Read more: Credit Cards Fuel Big Banks’ Loan Growth Amid ‘Normalization’

Gen Z and Credit: Looking Beyond Credit Performance

Despite all this, Gen Z is not particularly focused on the potential cost of their credit card usage: The interest rate on a card ranked last of six features Gen Z focuses on.

Many of the Gen Zers interviewed by Raneri seemed ill-prepared by their education for using credit. Indeed, they acknowledge it. Instead, “they learned about credit from movies and social media, such as TikTok,” says Raneri. She thinks this is part of the reason Gen Z doesn’t focus on factors like interest rate when first obtaining credit cards.

What Gen Z wants from credit cards versus what Millennials wanted

Absent the availability of any formal credit education, Raneri says that some Gen Zers interviewed admitted that they’d learned what they know simply through making mistakes and then figuring out what to do after they stumbled.

“There’s an opportunity for lenders to help supply some of the education that’s missing,” says Raneri.

Read more:

How Can Card Lenders Make Better Connections with Gen Z?

Given that many in Gen Z aren’t of age yet, Raneri thinks this gives institutions time to improve how they interact with these young consumers. Some suggestions:

Gain better understanding by talking to fresh faces. Bankers and credit union executives can have trouble identifying with the mindset of credit newcomers because they are steeped in their own knowledge and surrounded by atypical consumers. Friends, family members and employees don’t make good sounding boards because they’ve been exposed to education over time from an industry insider.

Raneri says it’s critical to get a fresher view because she found that many Gen Z consumers have no clue what card issuers are talking about when they use commonly accepted phrasing. Examples include “authorized user” and “credit builder.”

She says one Gen Z woman verbally tussled with her over “authorized user.”

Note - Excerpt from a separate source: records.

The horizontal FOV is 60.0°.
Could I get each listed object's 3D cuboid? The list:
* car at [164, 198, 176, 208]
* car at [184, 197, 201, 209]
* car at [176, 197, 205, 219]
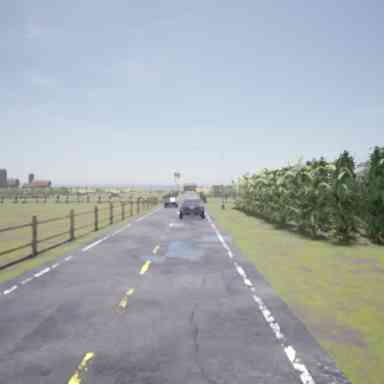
[{"bbox_3d":[-2.763,1.443,44.866,1.895,1.301,4.718,0,0,0],"label":"car"},{"bbox_3d":[0.045,1.396,43.302,2.033,1.411,5.357,0,0,0],"label":"car"},{"bbox_3d":[0.007,1.256,28.501,2.097,1.767,4.553,0,0,0],"label":"car"}]
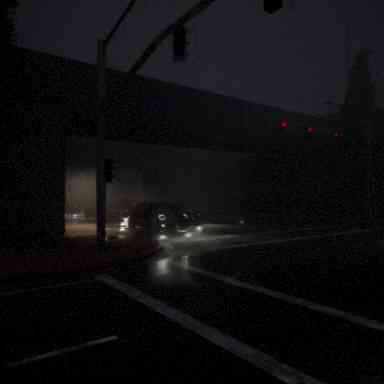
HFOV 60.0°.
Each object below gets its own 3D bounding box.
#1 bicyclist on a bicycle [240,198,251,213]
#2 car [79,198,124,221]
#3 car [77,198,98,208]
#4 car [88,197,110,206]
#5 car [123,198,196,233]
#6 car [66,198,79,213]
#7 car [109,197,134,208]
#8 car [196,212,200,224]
[{"bbox_3d":[5.653,1.430,35.211,1.656,1.620,0.582,0,0,-36],"label":"bicyclist on a bicycle"},{"bbox_3d":[-7.473,1.537,27.788,1.882,1.535,5.008,0,0,-36],"label":"car"},{"bbox_3d":[-16.507,1.630,52.490,1.812,1.442,4.674,0,0,-36],"label":"car"},{"bbox_3d":[-16.440,1.670,58.429,2.033,1.411,5.357,0,0,-35],"label":"car"},{"bbox_3d":[-2.112,1.407,20.396,2.097,1.767,4.553,0,0,-36],"label":"car"},{"bbox_3d":[-14.498,1.666,37.481,1.895,1.301,4.718,0,0,-36],"label":"car"},{"bbox_3d":[-10.773,1.595,50.559,1.882,1.535,5.008,0,0,-36],"label":"car"},{"bbox_3d":[-1.281,1.598,25.211,1.812,1.442,4.674,0,0,-36],"label":"car"}]
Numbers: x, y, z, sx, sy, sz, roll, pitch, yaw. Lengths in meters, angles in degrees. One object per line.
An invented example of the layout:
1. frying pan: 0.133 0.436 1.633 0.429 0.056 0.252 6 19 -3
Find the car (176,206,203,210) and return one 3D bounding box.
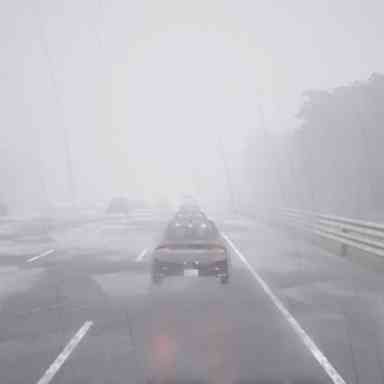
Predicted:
1. car: -0.092 1.609 17.362 1.895 1.301 4.718 0 0 -1

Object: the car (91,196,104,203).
1. car: -18.796 1.572 69.429 2.128 1.511 4.902 0 0 -2

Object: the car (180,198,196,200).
1. car: -0.210 1.605 32.957 1.994 1.385 4.181 0 0 -1

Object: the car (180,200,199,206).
1. car: -0.167 1.567 24.024 2.033 1.411 5.357 0 0 -1

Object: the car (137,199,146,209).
1. car: -7.519 1.642 45.996 1.895 1.301 4.718 0 0 -1

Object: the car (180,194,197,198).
1. car: -0.542 1.298 46.991 2.150 2.045 5.566 0 0 -2

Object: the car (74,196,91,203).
1. car: -22.306 1.556 69.743 2.128 1.511 4.902 0 0 -2

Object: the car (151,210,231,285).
1. car: -0.030 1.489 9.448 2.128 1.511 4.902 0 0 0

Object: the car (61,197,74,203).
1. car: -25.805 1.610 69.611 1.895 1.301 4.718 0 0 -2

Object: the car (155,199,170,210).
1. car: -3.991 1.602 45.027 2.033 1.411 5.357 0 0 -1

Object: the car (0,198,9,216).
1. car: -17.695 1.303 28.428 2.097 1.767 4.553 0 0 -2

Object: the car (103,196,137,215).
1. car: -7.239 1.364 34.034 2.097 1.767 4.553 0 0 -1
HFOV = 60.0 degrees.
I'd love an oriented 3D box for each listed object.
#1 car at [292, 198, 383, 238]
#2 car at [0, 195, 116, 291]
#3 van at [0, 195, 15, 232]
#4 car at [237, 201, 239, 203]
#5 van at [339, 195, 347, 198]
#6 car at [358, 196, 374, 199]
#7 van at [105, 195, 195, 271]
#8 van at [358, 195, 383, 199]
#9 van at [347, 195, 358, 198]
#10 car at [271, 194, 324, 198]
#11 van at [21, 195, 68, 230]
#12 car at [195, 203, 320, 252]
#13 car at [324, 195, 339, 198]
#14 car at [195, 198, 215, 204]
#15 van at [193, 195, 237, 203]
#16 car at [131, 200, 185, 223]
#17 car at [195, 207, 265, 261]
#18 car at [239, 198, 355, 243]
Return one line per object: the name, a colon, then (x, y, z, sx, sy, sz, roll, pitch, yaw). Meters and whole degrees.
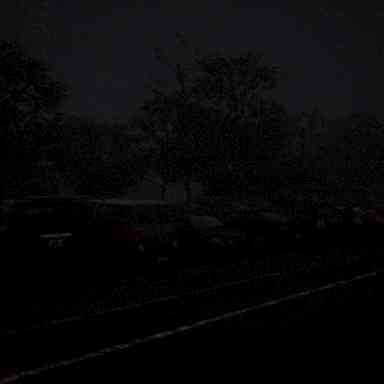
car: (6.953, 1.358, 17.139, 2.185, 1.767, 4.553, 0, 0, -35)
car: (-4.390, 1.168, 9.139, 2.435, 2.045, 5.566, 0, 0, -35)
van: (-11.877, 1.193, 19.687, 1.878, 1.987, 4.442, 0, 0, -35)
car: (3.858, 1.548, 31.033, 2.002, 1.452, 4.674, 0, 0, -35)
van: (15.314, 1.346, 39.040, 1.878, 1.987, 4.442, 0, 0, -35)
car: (19.756, 1.597, 42.352, 2.097, 1.535, 5.008, 0, 0, -35)
van: (-2.044, 1.206, 10.630, 1.878, 1.987, 4.442, 0, 0, -35)
van: (22.093, 1.387, 43.875, 1.878, 1.987, 4.442, 0, 0, -36)
van: (17.436, 1.359, 40.837, 1.878, 1.987, 4.442, 0, 0, -35)
car: (10.750, 1.295, 35.900, 2.435, 2.045, 5.566, 0, 0, -35)
van: (-9.647, 1.206, 21.560, 1.878, 1.987, 4.442, 0, 0, -35)
car: (2.414, 1.458, 13.940, 2.097, 1.535, 5.008, 0, 0, -35)
car: (13.007, 1.308, 37.507, 2.435, 2.045, 5.566, 0, 0, -35)
car: (-0.551, 1.523, 27.889, 2.002, 1.452, 4.674, 0, 0, -35)
van: (1.536, 1.269, 29.519, 1.878, 1.987, 4.442, 0, 0, -35)
car: (-2.806, 1.470, 26.279, 2.097, 1.535, 5.008, 0, 0, -35)
car: (0.148, 1.485, 12.337, 2.002, 1.452, 4.674, 0, 0, -35)
car: (4.691, 1.345, 15.529, 2.185, 1.767, 4.553, 0, 0, -35)

“That is the stupidest term I’ve ever heard,” the woman concluded, having had the meaning explained to her by Raneri. “They need to change the name of that.”

Recognize that clever can be too clever. Raneri found that many people, asked about credit builder cards, didn’t equate them with secured cards that enable someone to slowly build a positive credit history. They were more likely to think that such cards were subprime offerings, priced to match and to be avoided.

“You’ve got a great opportunity to help them,” says Raneri, “but you also have to name services with names they’ll understand.” She says it’s possible to push a term into the vernacular, but it takes time and persistence.

Look for ways to educate consumers in the moment as they are applying for or using credit cards and other consumer borrowing features.

Educating young consumers in advance of their credit use can be difficult. Historically many bankers have found that school systems resist having them come in to teach pupils about money. While the Internet offers many resources, not everyone devotes the time to educating themselves before borrowing.

Raneri suggests building education into the credit process. Features like pop-up definitions and explanations can help, giving people a bit of insight while they are using the bank’s app or a website.